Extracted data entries

::::::::

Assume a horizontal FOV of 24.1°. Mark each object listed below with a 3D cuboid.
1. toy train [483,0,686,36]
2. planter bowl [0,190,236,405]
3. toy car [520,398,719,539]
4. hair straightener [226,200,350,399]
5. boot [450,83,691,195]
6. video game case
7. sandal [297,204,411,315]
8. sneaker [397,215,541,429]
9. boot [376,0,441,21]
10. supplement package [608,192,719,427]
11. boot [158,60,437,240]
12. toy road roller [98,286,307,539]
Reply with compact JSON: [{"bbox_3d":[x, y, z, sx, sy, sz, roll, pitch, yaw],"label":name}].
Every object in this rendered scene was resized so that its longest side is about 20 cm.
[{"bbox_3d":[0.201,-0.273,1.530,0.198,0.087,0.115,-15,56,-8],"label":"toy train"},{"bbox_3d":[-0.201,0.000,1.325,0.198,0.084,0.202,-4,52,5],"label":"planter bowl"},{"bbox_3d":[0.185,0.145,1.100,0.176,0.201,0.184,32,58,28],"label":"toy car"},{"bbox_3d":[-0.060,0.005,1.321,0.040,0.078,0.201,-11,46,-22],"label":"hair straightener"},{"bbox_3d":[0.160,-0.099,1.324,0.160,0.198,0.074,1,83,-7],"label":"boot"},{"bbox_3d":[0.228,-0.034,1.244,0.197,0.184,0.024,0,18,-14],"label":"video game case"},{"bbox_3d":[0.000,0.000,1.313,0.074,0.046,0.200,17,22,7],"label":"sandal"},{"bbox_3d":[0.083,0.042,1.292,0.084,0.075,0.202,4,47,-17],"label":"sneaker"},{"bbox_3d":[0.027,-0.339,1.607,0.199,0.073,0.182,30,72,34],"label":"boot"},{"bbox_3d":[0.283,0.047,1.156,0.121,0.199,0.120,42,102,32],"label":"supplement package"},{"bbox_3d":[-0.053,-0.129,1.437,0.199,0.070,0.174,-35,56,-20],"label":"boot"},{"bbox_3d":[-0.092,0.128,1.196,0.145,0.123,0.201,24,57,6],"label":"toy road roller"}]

::::::::

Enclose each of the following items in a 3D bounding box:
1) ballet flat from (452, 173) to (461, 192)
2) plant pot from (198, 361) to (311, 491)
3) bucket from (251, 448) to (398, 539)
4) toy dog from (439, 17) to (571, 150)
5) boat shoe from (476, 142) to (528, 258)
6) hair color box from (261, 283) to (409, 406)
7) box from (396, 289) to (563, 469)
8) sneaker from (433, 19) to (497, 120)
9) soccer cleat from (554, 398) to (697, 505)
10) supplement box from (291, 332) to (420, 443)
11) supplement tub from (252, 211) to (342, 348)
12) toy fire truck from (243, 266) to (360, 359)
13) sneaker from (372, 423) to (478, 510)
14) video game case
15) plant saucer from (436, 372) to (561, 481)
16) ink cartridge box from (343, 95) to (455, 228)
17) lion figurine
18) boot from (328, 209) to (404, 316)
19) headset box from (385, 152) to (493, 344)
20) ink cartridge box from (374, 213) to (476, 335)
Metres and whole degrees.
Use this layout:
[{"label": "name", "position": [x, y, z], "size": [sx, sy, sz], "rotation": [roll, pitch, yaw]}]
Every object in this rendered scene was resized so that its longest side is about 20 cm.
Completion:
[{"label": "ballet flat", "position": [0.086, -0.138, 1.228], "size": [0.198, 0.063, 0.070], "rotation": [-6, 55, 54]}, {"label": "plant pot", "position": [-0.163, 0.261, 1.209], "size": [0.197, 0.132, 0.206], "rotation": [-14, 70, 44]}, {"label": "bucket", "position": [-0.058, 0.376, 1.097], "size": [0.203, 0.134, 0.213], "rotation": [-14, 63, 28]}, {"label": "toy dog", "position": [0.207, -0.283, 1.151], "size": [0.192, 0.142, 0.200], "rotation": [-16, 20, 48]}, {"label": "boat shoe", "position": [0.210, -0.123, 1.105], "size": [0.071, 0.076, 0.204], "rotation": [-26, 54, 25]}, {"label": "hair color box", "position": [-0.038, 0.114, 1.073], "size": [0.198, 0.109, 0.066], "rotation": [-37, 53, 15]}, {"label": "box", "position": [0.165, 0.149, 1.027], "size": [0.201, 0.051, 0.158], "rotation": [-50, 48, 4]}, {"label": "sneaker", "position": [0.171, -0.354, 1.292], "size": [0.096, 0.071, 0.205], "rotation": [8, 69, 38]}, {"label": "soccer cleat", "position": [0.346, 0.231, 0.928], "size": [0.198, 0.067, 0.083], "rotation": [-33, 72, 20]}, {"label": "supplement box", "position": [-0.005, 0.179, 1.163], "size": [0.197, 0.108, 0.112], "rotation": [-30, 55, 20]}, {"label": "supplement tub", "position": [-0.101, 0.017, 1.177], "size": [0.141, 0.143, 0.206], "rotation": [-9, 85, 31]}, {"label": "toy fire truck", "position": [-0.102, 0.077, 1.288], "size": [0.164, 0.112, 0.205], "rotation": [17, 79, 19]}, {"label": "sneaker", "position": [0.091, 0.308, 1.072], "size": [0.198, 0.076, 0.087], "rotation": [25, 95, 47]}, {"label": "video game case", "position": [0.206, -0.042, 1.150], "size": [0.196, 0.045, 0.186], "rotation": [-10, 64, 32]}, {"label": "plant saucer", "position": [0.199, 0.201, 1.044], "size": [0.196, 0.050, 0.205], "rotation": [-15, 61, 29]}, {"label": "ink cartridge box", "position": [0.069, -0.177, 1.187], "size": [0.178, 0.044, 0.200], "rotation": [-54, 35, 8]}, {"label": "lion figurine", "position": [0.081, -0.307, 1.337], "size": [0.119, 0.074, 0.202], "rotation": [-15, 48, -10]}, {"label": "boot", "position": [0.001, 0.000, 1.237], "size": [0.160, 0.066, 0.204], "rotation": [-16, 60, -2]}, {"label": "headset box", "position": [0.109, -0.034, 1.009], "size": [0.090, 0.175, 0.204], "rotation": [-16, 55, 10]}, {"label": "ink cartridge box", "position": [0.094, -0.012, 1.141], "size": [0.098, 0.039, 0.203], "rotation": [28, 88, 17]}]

::::::::

**TASK ITEM:** The stretch of entries above that starts with the line containing "11. boot [158,60,437,240]" and goes on through the line containing "Reply with compact" is to be transcribed exactly, and no other line is to be transcribed.

**WRITTEN ANSWER:**
11. boot [158,60,437,240]
12. toy road roller [98,286,307,539]
Reply with compact JSON: [{"bbox_3d":[x, y, z, sx, sy, sz, roll, pitch, yaw],"label":name}].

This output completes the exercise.